While it is clear the next generation of breakers will not be competing on weight but will deliver more when it comes to power, the other changes are likely to come in how breakers are used on site.
The focus of Indeco's research and development is more on complimentary products. Most are aimed at the demolition and recycling market but Vitulano said that the company is developing a new range of boom mounted breakers for crushers for the European market. "These are popular in the US and we think the significant health and safety benefits means there could be a good market for them in European quarries," he said.
Rip it up
Despite being a manufacturer of hydraulic breakers, FRD claims to have bettered the hammer design with the introduction of the FRD Xcentric Ripper. Designed for rock breaking and demolition work, the Xcentric Ripper is attached to an excavator boom the same as a conventional breaker.
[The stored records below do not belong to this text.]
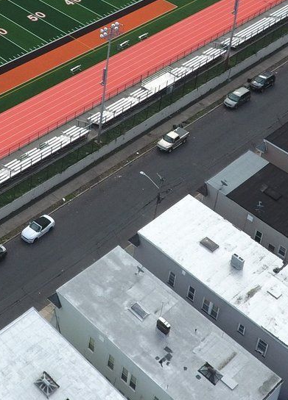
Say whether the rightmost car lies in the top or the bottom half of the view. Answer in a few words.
top
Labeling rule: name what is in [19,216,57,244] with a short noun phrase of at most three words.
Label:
car
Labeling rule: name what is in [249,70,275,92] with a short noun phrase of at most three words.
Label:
car
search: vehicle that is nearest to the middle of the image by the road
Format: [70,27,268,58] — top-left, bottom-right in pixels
[155,125,190,153]

The attachment, designed in cooperation with Spanish engineering firm Grado Cero, uses a patented reaction power accumulation technology and is claimed to be more productive than a breaker for 85% of applications. FRD claims that the Ripper can be up to 50% more productive than a similar dimension hammer, yet is considerably quieter in operation. The Ripper also creates far less vibration than a breaker, cutting damage to the carrier excavator.
FRD said that thanks to a closed energy chamber the Ripper can be used in all conditions, even under water, without any special preparation. The Xccentric Ripper range will eventually include 10 sizes for excavators from 2-85tonnes in operating weight. However Bauma will see the introduction of the first three models in the line-up, the XR6 GO for 7-10tonnes models, the XR25 GO for 19-25tonnes machines and the XR35 Go for 30-39tonnes carriers.